[Source records]
= Beginning of Section =

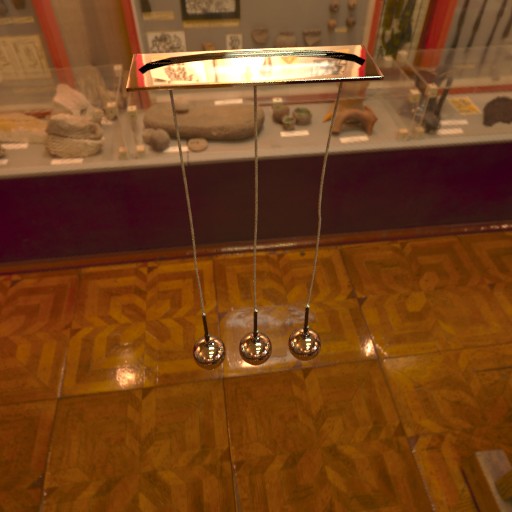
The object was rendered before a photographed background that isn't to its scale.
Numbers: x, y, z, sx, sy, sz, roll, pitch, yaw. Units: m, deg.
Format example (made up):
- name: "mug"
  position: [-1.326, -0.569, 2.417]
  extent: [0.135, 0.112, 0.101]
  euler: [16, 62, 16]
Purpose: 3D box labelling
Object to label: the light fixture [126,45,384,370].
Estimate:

= End of Section =

ABOUT THIS EXERCISE: Apart from the pictures, return every entry above exactly as given.

EXPECTED ANSWER:
The object was rendered before a photographed background that isn't to its scale.
Numbers: x, y, z, sx, sy, sz, roll, pitch, yaw. Units: m, deg.
Format example (made up):
- name: "mug"
  position: [-1.326, -0.569, 2.417]
  extent: [0.135, 0.112, 0.101]
  euler: [16, 62, 16]
Purpose: 3D box labelling
Object to label: the light fixture [126,45,384,370].
Estimate:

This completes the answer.